The transformation acquired its own momentum; security begat more and more security. The steps that the Secret Service took in the days after Pearl Harbor were extraordinary even by today’s standards: No more members of the public were permitted to visit the White House’s first floor; every staffer and White House resident was fingerprinted; employees were given gas masks and practiced air raid drills. The first family grudgingly accepted Secret Service-sanctioned gun crews on the White House roof, and Eleanor even reasoned that the ban on flights over the White House at least gave her husband a better’s night sleep.

Although FDR quashed a proposal to camouflage the White House (to make it a more difficult target for enemy bombers), his Secret Service drilled hard with a stopwatch to spirit a wheelchair-bound man to a newly built bomb shelter in the Treasury Department.
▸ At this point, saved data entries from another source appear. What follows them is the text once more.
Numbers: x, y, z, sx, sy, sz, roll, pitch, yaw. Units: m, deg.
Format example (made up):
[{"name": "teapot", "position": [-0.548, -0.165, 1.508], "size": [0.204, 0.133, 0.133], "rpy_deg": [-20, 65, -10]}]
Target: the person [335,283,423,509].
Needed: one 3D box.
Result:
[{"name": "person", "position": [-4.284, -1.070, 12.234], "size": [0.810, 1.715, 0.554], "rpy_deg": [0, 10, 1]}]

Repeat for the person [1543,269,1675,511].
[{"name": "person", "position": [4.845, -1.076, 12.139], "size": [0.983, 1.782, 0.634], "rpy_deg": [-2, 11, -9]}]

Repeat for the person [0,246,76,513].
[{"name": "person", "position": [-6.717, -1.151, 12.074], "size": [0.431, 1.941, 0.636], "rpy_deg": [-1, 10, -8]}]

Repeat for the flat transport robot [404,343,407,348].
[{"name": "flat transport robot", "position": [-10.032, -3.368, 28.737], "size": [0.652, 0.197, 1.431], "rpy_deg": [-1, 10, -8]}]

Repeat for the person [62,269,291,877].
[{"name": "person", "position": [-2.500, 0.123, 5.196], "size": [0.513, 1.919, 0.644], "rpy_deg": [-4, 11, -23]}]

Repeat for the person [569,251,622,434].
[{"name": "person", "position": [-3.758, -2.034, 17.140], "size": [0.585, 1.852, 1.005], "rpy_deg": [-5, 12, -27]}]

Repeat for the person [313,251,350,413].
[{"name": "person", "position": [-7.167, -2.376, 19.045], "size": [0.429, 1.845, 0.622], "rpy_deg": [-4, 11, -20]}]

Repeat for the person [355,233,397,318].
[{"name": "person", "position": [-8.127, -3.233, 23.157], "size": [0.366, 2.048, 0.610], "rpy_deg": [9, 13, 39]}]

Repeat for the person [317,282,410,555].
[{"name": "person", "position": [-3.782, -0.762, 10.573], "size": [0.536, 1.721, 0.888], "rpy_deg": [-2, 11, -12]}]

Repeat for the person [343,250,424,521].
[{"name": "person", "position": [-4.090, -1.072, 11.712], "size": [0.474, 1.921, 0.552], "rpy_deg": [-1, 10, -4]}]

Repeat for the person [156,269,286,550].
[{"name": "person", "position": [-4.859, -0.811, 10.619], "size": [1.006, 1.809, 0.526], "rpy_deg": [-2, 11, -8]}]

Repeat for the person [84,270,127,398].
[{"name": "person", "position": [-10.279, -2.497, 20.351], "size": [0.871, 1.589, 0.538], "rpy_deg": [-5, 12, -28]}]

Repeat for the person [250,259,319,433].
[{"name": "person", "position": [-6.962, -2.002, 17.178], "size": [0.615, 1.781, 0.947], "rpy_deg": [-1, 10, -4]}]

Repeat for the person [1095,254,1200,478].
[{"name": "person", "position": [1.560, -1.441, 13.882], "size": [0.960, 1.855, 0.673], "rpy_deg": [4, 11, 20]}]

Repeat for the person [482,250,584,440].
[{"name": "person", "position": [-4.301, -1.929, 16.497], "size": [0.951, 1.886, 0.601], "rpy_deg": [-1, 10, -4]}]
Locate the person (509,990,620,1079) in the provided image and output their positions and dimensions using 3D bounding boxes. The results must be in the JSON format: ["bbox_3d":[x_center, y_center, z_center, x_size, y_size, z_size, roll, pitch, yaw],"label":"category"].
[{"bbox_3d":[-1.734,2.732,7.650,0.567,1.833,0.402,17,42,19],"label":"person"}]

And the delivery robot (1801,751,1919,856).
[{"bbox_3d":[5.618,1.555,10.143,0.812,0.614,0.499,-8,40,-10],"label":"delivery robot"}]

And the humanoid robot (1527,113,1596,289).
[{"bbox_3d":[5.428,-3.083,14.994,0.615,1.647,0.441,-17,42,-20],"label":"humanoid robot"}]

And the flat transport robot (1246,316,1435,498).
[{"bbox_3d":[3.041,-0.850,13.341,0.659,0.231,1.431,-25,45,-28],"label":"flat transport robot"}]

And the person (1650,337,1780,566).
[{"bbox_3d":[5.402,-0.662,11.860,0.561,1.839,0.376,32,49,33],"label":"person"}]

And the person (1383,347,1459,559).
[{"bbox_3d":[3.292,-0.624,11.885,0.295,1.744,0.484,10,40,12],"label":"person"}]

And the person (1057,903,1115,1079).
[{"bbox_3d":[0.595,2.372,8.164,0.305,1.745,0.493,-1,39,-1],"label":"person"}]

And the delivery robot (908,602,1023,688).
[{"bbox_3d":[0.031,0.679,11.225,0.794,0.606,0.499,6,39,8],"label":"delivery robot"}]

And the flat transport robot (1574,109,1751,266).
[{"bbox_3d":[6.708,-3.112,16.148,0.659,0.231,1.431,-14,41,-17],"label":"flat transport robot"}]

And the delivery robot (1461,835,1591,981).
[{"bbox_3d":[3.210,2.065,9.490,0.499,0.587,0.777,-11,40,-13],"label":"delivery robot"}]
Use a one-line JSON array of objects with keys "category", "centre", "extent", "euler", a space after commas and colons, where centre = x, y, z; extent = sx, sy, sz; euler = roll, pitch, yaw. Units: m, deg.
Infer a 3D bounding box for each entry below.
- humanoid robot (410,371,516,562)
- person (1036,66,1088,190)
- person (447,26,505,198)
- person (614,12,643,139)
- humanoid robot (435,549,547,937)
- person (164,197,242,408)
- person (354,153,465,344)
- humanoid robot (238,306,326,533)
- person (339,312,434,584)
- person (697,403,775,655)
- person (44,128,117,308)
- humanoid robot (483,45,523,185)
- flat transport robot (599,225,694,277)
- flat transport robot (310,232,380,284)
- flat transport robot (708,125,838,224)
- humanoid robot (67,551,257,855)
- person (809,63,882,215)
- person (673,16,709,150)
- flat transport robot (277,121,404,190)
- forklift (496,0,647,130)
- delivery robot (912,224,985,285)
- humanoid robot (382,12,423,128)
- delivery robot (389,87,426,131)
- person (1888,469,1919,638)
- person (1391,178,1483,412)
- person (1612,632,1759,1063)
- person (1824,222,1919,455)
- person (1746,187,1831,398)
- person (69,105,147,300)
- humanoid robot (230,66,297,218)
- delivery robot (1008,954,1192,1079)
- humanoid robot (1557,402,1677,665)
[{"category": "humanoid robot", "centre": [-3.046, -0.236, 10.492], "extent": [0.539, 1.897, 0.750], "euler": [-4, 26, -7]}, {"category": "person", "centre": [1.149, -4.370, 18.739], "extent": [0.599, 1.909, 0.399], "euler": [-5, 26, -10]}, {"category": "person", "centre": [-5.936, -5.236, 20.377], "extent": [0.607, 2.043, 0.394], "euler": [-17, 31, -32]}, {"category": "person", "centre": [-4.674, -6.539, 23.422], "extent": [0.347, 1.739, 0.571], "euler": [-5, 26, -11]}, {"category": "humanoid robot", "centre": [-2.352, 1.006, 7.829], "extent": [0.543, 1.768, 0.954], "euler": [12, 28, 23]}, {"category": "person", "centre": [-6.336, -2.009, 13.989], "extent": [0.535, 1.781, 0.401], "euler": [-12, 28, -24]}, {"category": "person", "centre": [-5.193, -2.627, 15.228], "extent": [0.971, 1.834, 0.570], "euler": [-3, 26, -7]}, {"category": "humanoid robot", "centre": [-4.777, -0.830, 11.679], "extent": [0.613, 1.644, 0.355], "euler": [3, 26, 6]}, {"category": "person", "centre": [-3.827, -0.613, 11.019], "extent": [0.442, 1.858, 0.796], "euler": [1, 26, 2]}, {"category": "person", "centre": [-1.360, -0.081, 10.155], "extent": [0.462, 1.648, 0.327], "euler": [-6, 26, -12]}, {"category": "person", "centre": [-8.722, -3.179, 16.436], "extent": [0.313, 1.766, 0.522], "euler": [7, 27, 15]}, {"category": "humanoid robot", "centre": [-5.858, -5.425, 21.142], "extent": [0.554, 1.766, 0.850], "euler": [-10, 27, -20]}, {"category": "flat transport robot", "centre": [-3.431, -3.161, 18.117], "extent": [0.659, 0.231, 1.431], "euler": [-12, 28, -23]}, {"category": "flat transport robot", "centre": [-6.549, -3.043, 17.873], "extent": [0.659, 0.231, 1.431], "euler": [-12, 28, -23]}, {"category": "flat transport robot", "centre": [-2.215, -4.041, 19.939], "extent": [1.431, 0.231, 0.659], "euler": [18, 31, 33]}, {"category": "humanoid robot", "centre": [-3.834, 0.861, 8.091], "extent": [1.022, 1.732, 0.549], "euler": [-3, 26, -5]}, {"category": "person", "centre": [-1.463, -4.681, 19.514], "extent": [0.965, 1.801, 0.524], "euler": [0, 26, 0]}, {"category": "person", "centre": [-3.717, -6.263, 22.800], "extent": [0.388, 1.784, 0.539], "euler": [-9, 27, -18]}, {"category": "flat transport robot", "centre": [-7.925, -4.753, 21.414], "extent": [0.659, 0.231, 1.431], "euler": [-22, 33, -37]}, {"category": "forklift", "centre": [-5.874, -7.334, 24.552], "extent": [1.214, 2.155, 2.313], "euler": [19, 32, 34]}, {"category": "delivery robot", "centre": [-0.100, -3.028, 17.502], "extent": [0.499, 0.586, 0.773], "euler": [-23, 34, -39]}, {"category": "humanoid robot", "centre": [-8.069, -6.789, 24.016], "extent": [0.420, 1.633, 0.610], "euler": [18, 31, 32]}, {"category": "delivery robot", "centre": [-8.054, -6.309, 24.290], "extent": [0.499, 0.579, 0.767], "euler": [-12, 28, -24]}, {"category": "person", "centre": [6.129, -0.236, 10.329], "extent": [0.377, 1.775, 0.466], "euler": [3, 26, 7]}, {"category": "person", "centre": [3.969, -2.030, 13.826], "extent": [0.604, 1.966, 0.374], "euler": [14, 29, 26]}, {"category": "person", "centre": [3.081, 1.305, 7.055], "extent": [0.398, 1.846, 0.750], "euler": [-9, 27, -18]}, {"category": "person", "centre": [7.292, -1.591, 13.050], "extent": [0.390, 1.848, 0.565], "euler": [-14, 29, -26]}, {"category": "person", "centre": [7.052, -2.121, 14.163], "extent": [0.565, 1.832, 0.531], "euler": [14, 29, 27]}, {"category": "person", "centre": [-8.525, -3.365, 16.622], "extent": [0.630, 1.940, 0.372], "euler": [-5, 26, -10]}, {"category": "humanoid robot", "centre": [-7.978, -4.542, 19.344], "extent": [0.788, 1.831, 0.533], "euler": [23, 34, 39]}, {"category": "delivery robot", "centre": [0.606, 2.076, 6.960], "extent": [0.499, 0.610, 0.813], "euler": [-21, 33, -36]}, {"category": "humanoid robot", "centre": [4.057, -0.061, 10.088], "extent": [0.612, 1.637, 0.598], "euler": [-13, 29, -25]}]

When Secret Service agents forced FDR to dine one night with his Cabinet in the mansion and not in a less-secure hotel as originally planned, FDR deemed it “a wonderful opportunity . . . for Hitler.” If the Germans bombed the White House, they could destroy the government, and “if all of us except Frances were killed we would have a woman president,” FDR joked, referring to Labor Secretary Frances Perkins.

Since World War II, security at the White House has ebbed and flowed, but mostly it has moved in the direction of hardening the people’s house. President Dwight Eisenhower fled to an undisclosed location during annual nationwide evacuation drills, as the exercise required; after all, better to leave the White House when the threat was a nuclear bomb. The wave of political assassinations in the ’60s — John F. Kennedy, Robert F. Kennedy, Martin Luther King Jr. — hardly calmed the Secret Service. Bill Clinton closed the stretch of Pennsylvania Avenue in front of the White House to cars after the 1995 Oklahoma City bombing. And on Sept. 11, 2001, the White House, of course, was evacuated, and Secret Service agents thought President George W. Bush was safer on Air Force One, where he spent some of the day, than back in the mansion.

It is conceivable that the Secret Service, on high alert for so long in the years since 9/11, recently let down its guard. It’s also plausible that the agency, which has been heroically depicted in films starring Clint Eastwood, among others, became convinced of its own invincibility. Or perhaps budget cuts and alcohol-fueled scandals have taken their toll. Whatever the explanation for the recent debacles, they are likely to push the White House, Washington and the country to security steps that will continue to make the people’s house a relic of a pre-Pearl Harbor world.